Взвесив кошелек в руке, Сегимунд улыбнулся.

— Ты воистину щедр, Арминий.

Второго такого момента не будет, решил тот. Куй железо, пока горячо. Если Сегимунд согласится распространить среди племен слух о том, что боги разгневались на Рим, его мечты разгромить легионы Вара перестанут быть мечтами. Арминий большим пальцем указал на туши больных баранов.

— Скажи, эти бараны действительно были больны, потому что хозяин плохо о них заботился?

Сегимунд пристально посмотрел на своего собеседника.

— Почему ты об этом спрашиваешь?

— Мне показалось, тебя покоробило, когда легат обрушился с обвинениями на несчастного крестьянина.

Сегимунд глазами указал на своих помощников и прочих присутствующих.

— Если ты хочешь обсудить со мной этот вопрос, то лучше сделать это наедине. Пройдем со мной в храм.

Арминий был внутри храма не раз, но никогда не уставал восхищаться его великолепием. У стены в ряд выстроились масляные лампы на бронзовых подставках. Их мерцание заливало длинное узкое помещение красновато-золотистым светом. Как и алтарь, внутреннее убранство храма и его статуи не имели себе равных. Самая большая из статуй, скульптурное изображение Августа, даже без постамента была в два человеческих роста, а сам постамент был примерно по пояс взрослому мужчине. Считалось, что это самое правдоподобное изображение императора из всех, когда-либо созданных в мраморе. Август был изображен военачальником — узорная кираса, наручи и невысокие сапоги. Шлема не было. Суровый, пристальный взгляд. Сильная нижняя челюсть. С высоты на своих подданных смотрел прирожденный властитель, способный вести за собой в бой целые армии и одерживать победы любой ценой. Почти бог.

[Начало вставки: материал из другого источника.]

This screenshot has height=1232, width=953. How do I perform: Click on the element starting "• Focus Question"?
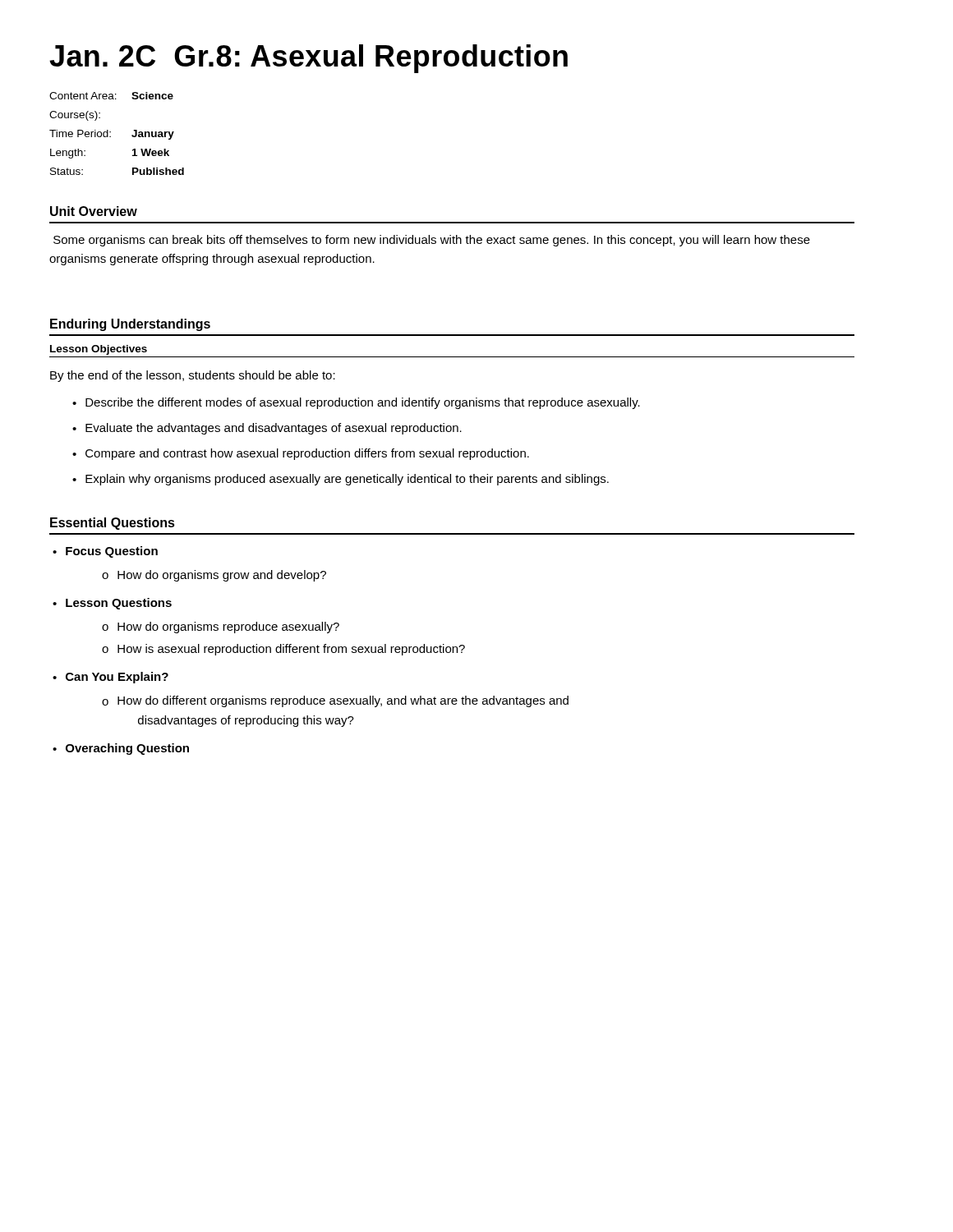coord(105,552)

Но Арминий вместо благоговейного трепета проникся презрением. Август больше не казался ему богом. Скульптурный портрет явно сделан пару десятков лет назад. Теперь император — старик, которому нужно класть в постель горячие камни, чтобы согреть старые кости.

В храме было пусто. Но Сегимунд на всякий случай огляделся по сторонам и лишь после этого заговорил.

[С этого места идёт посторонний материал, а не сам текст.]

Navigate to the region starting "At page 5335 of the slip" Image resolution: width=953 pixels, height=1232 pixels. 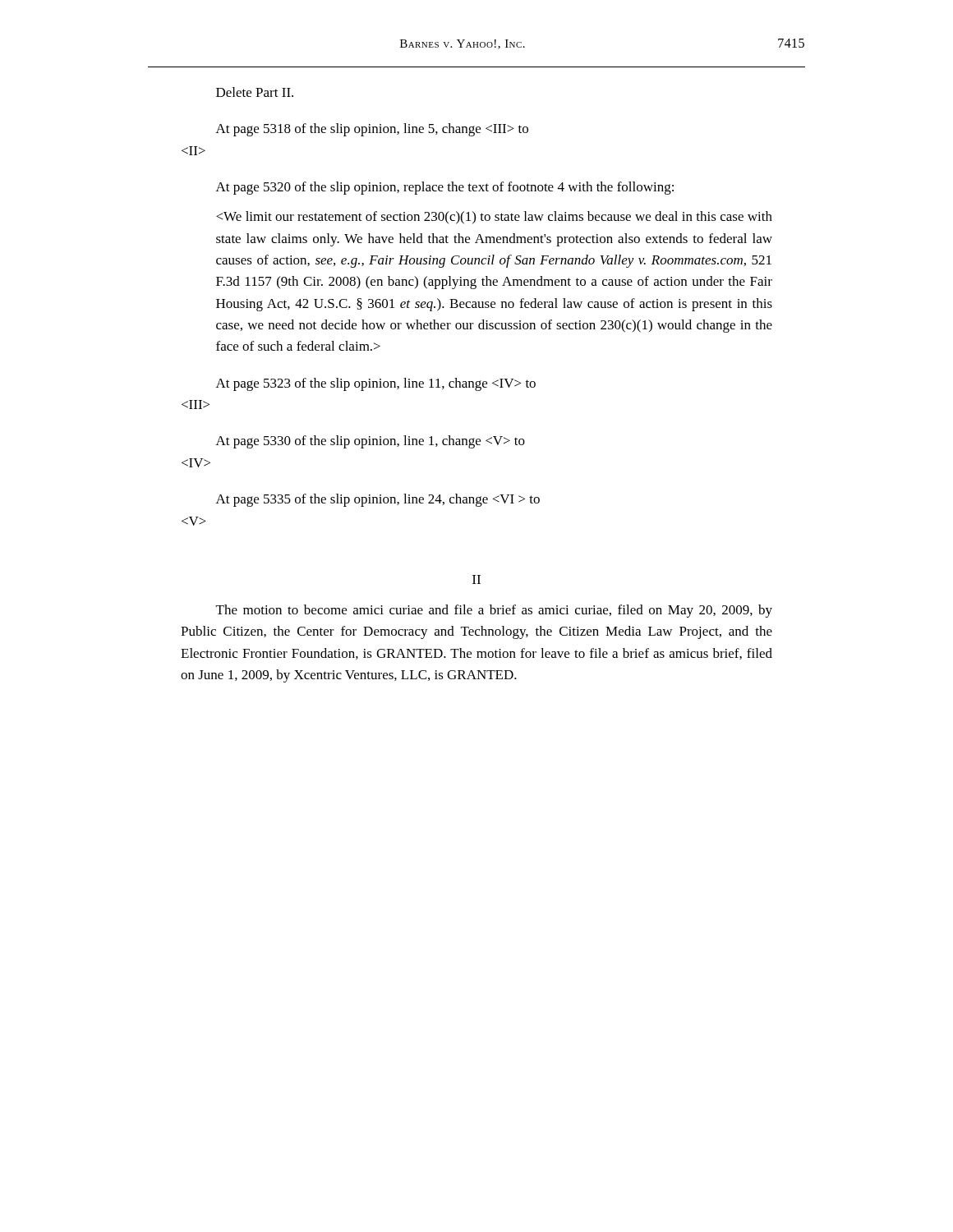click(x=476, y=510)
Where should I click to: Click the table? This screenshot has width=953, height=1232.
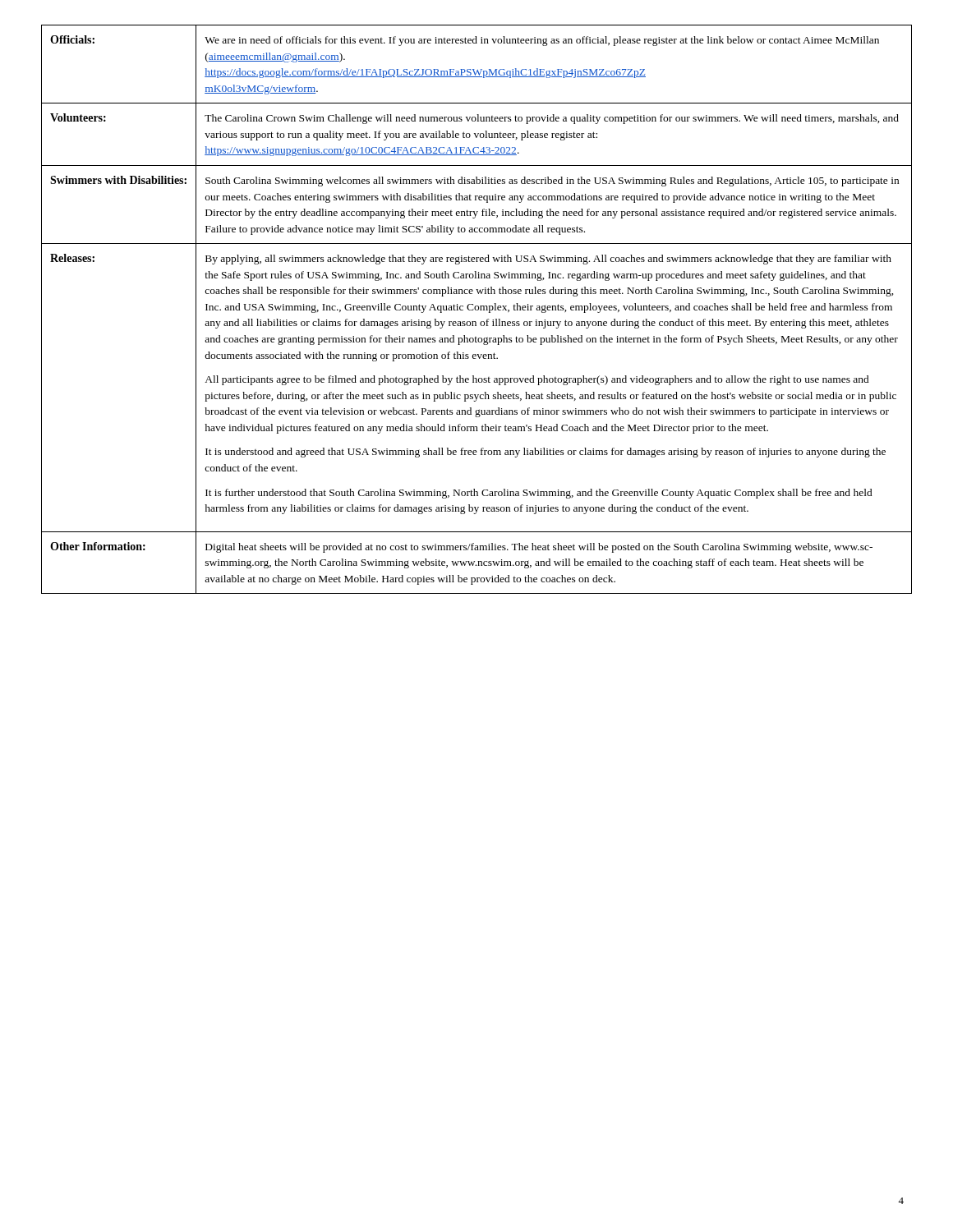click(x=476, y=309)

— Несмотря на обвинения легата, даже самый никудышный скотовод может вырастить здоровых животных. Разве тебя не огорчило бы, что все пожертвованные тобой бараны, за исключением одного, больны?

— Конечно, огорчило бы, — признался Арминий. — Но я не понимаю, как здоровая печень последнего барана способна отменить все дурные предзнаменования, которые ты предрек по печени больных животных.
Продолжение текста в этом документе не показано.